== PROMPT ==
For each line below that includes the string "pitch", show the whole line.

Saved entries
============
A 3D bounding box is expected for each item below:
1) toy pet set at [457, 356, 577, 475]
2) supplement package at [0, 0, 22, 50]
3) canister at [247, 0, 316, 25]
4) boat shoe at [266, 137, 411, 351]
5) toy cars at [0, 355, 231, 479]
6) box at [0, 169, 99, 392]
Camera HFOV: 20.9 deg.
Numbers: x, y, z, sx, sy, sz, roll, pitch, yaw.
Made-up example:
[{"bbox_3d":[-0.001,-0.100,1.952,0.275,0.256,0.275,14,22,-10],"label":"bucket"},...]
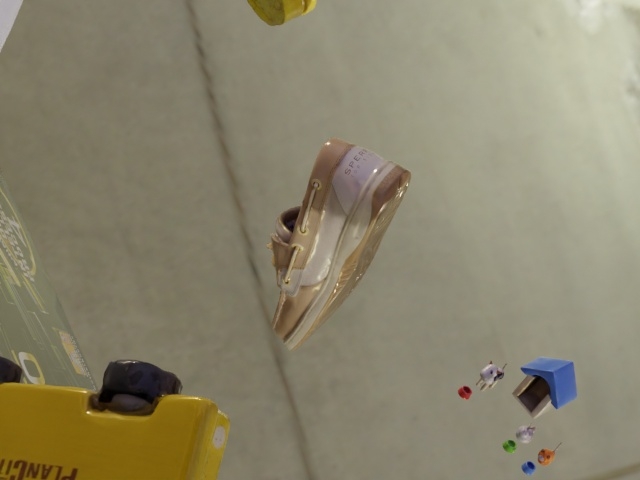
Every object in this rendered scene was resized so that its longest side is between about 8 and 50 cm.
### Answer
[{"bbox_3d":[0.232,0.173,1.875,0.114,0.065,0.122,-20,63,-48],"label":"toy pet set"},{"bbox_3d":[-0.147,-0.125,0.454,0.139,0.244,0.134,17,18,-36],"label":"supplement package"},{"bbox_3d":[0.015,-0.228,1.077,0.170,0.073,0.126,-31,105,-15],"label":"canister"},{"bbox_3d":[0.000,0.000,1.039,0.059,0.170,0.063,37,46,9],"label":"boat shoe"},{"bbox_3d":[-0.195,0.175,0.801,0.087,0.393,0.176,41,16,-50],"label":"toy cars"},{"bbox_3d":[-0.221,0.105,1.118,0.395,0.097,0.318,65,5,10],"label":"box"}]
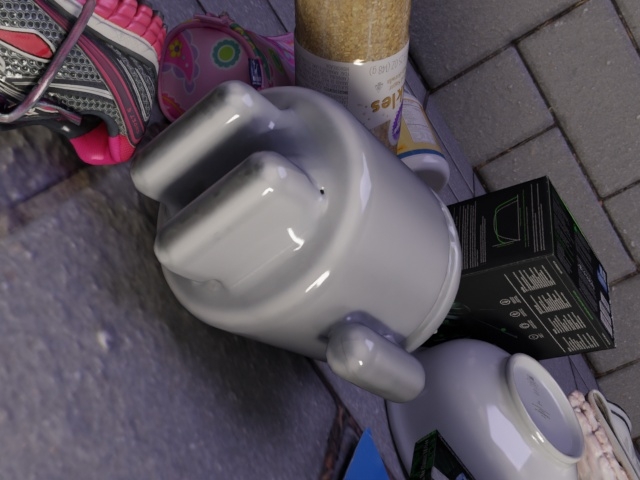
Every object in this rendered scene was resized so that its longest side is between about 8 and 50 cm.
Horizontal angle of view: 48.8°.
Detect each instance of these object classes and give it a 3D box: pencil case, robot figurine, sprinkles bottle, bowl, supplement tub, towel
[{"bbox_3d":[-0.076,-0.186,0.802,0.124,0.124,0.284,61,19,-1],"label":"pencil case"},{"bbox_3d":[0.000,0.000,0.623,0.353,0.199,0.300,31,32,-54],"label":"robot figurine"},{"bbox_3d":[0.031,-0.143,0.758,0.356,0.121,0.121,89,-5,-45],"label":"sprinkles bottle"},{"bbox_3d":[0.229,0.234,0.878,0.297,0.134,0.298,35,33,-27],"label":"bowl"},{"bbox_3d":[0.127,-0.167,1.232,0.144,0.144,0.200,30,36,-54],"label":"supplement tub"},{"bbox_3d":[0.377,0.413,0.960,0.317,0.053,0.332,94,-15,-50],"label":"towel"}]

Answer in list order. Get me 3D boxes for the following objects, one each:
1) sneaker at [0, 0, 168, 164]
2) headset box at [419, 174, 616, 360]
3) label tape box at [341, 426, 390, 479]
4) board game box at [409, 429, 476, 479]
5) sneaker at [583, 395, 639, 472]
[{"bbox_3d":[-0.210,-0.127,0.424,0.299,0.120,0.112,13,81,-54],"label":"sneaker"},{"bbox_3d":[0.233,0.067,1.002,0.246,0.283,0.131,44,42,-37],"label":"headset box"},{"bbox_3d":[0.139,0.353,0.619,0.348,0.115,0.249,61,20,-5],"label":"label tape box"},{"bbox_3d":[0.154,0.287,0.555,0.260,0.030,0.136,52,18,-6],"label":"board game box"},{"bbox_3d":[0.630,0.527,1.487,0.447,0.169,0.258,50,21,-35],"label":"sneaker"}]
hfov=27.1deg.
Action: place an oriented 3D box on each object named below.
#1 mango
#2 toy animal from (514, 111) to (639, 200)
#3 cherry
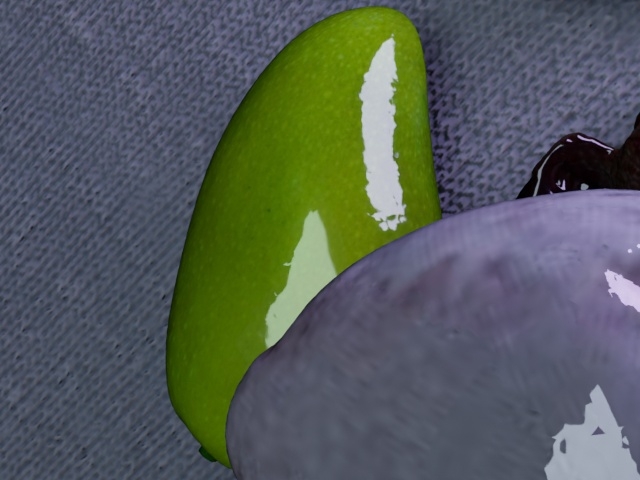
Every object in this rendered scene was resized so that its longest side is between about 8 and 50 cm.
[{"bbox_3d":[0.000,0.000,0.936,0.192,0.156,0.343,13,90,23],"label":"mango"},{"bbox_3d":[0.233,-0.020,0.892,0.219,0.116,0.179,4,58,27],"label":"toy animal"},{"bbox_3d":[0.134,0.115,0.732,0.335,0.291,0.326,39,124,13],"label":"cherry"}]
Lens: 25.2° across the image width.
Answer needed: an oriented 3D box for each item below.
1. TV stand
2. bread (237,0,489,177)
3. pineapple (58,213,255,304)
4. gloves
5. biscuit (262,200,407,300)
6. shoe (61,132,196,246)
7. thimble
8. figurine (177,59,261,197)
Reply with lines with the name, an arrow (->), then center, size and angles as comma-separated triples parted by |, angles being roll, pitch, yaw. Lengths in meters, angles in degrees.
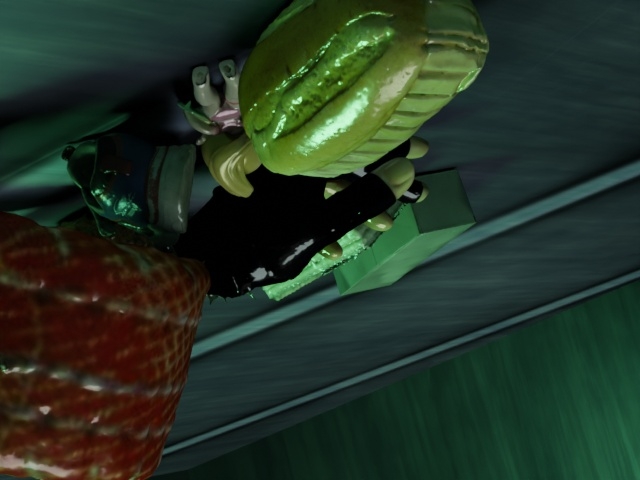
============
== RESULT FOR THIS EXERCISE ==
Numbers: x, y, z, sx, sy, sz, roll, pitch, yaw.
Reply with lines with the name, an arrow (->), then center, size and angles as comma-separated triples parted by |, angles being roll, pitch, yaw. Lengths in meters, angles in degrees.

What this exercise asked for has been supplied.